Josh Sommer: Chordoma

Shortly after beginning my freshman year at Duke University in 2006, I developed intense headaches. I didn’t think much of them at first, but tests soon found the cause: chordoma, a very rare cancer that usually starts in the spinal column or skull. Only about 300 people are diagnosed with chordoma each year in the U.S., and when I was diagnosed, there were very few treatment options.

I had surgery to remove the tumor and after I recovered, my mother and I started the Chordoma Foundation in an attempt to accelerate the development of new treatments. I also began working in the laboratory of Duke oncologist, Michael J. Kelley. At the time, Dr. Kelley was the only federally funded scientist studying chordoma, and the research was challenging. There was no access to tumor samples, and the few researchers studying chordoma were unaware of one another and of other projects and tools.

When my mother and I started the Foundation, there was only one chordoma cell line for researchers to study. Now we have a second, and 3 more are currently being validated at Duke. The Chordoma Foundation has provided the first 2 valid cell lines to more than 40 labs, including many that were not previously studying chordoma. We have also set up a centralized biobank to collect tissue from hospitals across the country and we make it available to researchers who need it.

As critical research tools like these have become available, the number of researchers interested in studying chordoma—and the opportunities for discovery, both in chordoma and other cancers—have dramatically increased. In 2008, for example, several researchers published data indicating that a biological process known as the mTOR pathway is highly active in chordoma. Researchers in Italy are now conducting a clinical trial treating patients with drugs that inhibit this pathway, and they have had some preliminary success: Tumors stopped growing for 6 months, on average, in patients with advanced disease. It is not a cure, but it’s definitely a step in the right direction.

In another sign of progress, researchers at the National Cancer Institute collaborating with Dr. Kelley in October 2009 found the cause of familial chordoma: a duplication of the Brachyury/T gene. This was the first time that a gene duplication was discovered to cause cancer, and it suggests that duplication of other genes might be a factor in susceptibility to other types of cancer. Further research has found that extra copies of the Brachyury gene are also present in many sporadic chordomas—those not linked to a family history.

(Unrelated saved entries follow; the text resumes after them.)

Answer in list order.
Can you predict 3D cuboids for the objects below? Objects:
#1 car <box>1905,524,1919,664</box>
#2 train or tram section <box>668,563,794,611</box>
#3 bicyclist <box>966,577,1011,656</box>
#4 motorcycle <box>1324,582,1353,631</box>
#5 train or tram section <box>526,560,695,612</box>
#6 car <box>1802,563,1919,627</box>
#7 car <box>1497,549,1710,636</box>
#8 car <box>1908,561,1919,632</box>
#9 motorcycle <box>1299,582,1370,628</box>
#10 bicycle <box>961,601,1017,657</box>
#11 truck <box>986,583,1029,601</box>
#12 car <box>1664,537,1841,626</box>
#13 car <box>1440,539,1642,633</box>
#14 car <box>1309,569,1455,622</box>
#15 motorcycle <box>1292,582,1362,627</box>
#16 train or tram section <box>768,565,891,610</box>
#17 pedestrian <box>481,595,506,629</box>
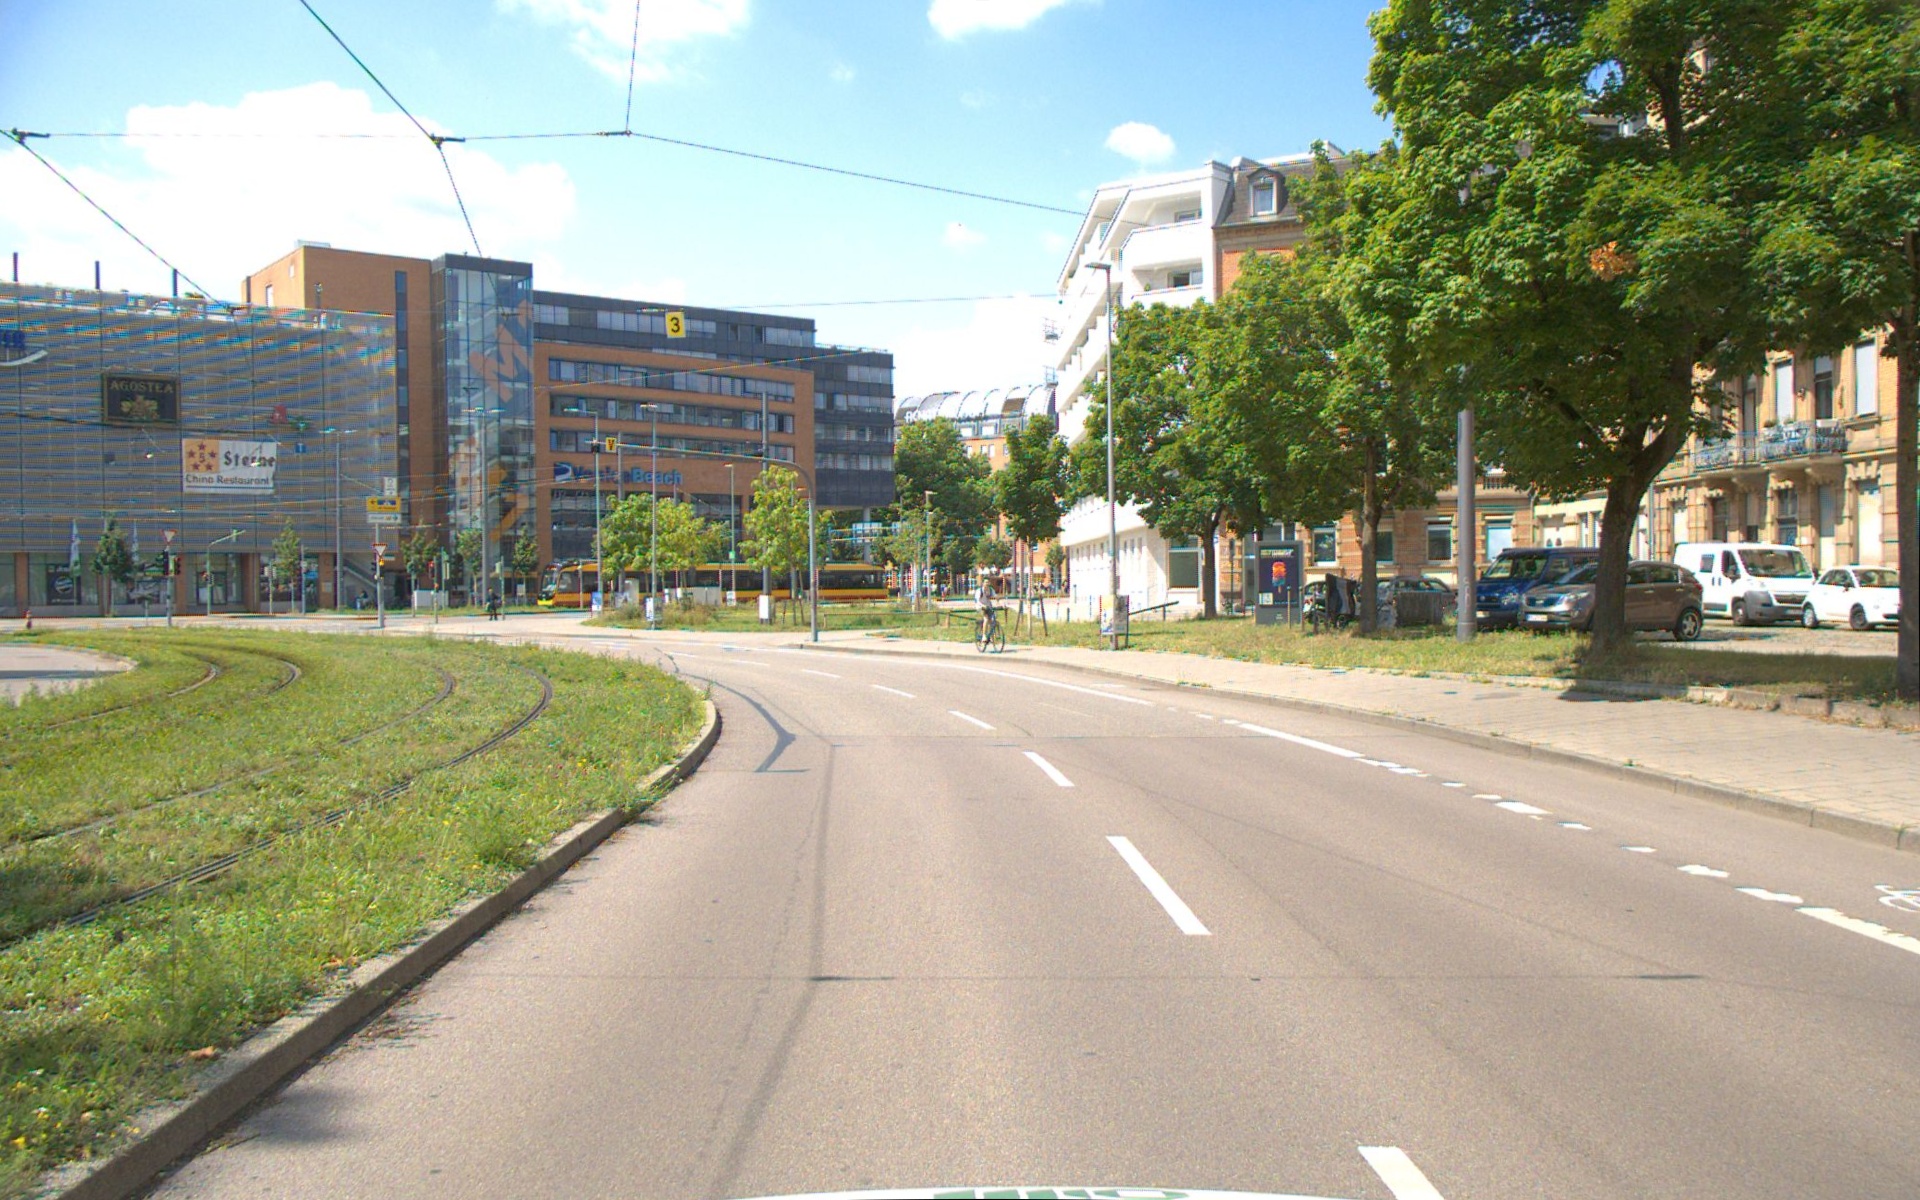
[{"bbox_3d":[14.228,-0.078,21.372,4.097,1.771,1.832,0,0,-33],"label":"car"},{"bbox_3d":[-18.292,-1.019,133.001,3.008,3.666,10.937,0,0,39],"label":"train or tram section"},{"bbox_3d":[0.683,0.394,40.122,0.684,1.856,0.950,-4,1,-21],"label":"bicyclist"},{"bbox_3d":[9.576,0.146,41.883,0.624,1.187,1.908,-1,0,10],"label":"motorcycle"},{"bbox_3d":[-25.882,-0.992,123.491,3.165,3.662,13.436,0,0,38],"label":"train or tram section"},{"bbox_3d":[21.327,-0.133,38.756,1.531,1.427,3.351,-1,0,1],"label":"car"},{"bbox_3d":[13.205,-0.157,33.918,4.114,1.685,1.899,0,0,-29],"label":"car"},{"bbox_3d":[21.485,-0.077,34.081,1.625,1.518,3.852,0,0,-1],"label":"car"},{"bbox_3d":[10.087,0.125,44.553,1.747,1.187,0.639,-1,0,-3],"label":"motorcycle"},{"bbox_3d":[0.696,0.694,40.129,0.684,1.264,1.828,-4,2,-20],"label":"bicycle"},{"bbox_3d":[5.696,-0.988,198.334,1.984,2.122,5.434,0,0,-43],"label":"truck"},{"bbox_3d":[20.979,-0.477,44.081,2.068,2.217,5.392,0,0,-1],"label":"car"},{"bbox_3d":[12.993,-0.302,36.901,4.571,1.961,1.895,0,0,-33],"label":"car"},{"bbox_3d":[12.534,-0.143,49.042,4.203,1.452,1.786,-2,1,-32],"label":"car"},{"bbox_3d":[10.052,0.114,45.366,1.747,1.187,0.639,-1,0,-3],"label":"motorcycle"},{"bbox_3d":[-11.074,-1.026,142.216,3.005,3.684,12.580,0,0,37],"label":"train or tram section"},{"bbox_3d":[-24.885,0.642,88.193,0.897,1.732,0.808,-2,1,23],"label":"pedestrian"}]

Since these discoveries, 2 different labs have been able to turn Brachyury off in chordoma cells, stopping cell proliferation in laboratory experiments. Now 2 labs are trying to do the same thing in mice. Researchers at the National Cancer Institute have also recently found that Brachyury plays an important role in several other types of cancer, so it is possible that figuring out how to target this gene with drugs will have an impact beyond chordoma.

But despite these advances of just the past few years, there are still only 2 chordoma projects underway that are funded by the National Institutes of Health (NIH). As a result, progress isn’t being made as fast as it could. More funding from the NIH would certainly help facilitate new discoveries. But beyond providing funding to researchers, the NIH could make a big impact on rare cancers like chordoma by including them in existing programs such as The Cancer Genome Atlas and the newly launched Therapeutics for Rare and Neglected Diseases program. The Cancer Genome Atlas could help identify the molecular pathways driving these diseases, and it could help identify new cancer genes such as Brachyury that play a role in multiple types of cancer. And when potential therapeutic targets like Brachyury are identified, the Therapeutics for Rare and Neglected Diseases program has the potential to translate these discoveries into drugs suitable for investment by pharmaceutical companies.

When I was diagnosed in 2006, there were only a handful of researchers studying chordoma, and there were no drugs to treat it. Now, thanks to growing awareness, there are about 170 scientists researching the disease around the world, and scientists have found strong evidence suggesting that mTOR inhibitors and other available drugs might successfully manage the disease. We need to continue this trend. If we can extend survival even a few years at a time, then that’s a step in the right direction.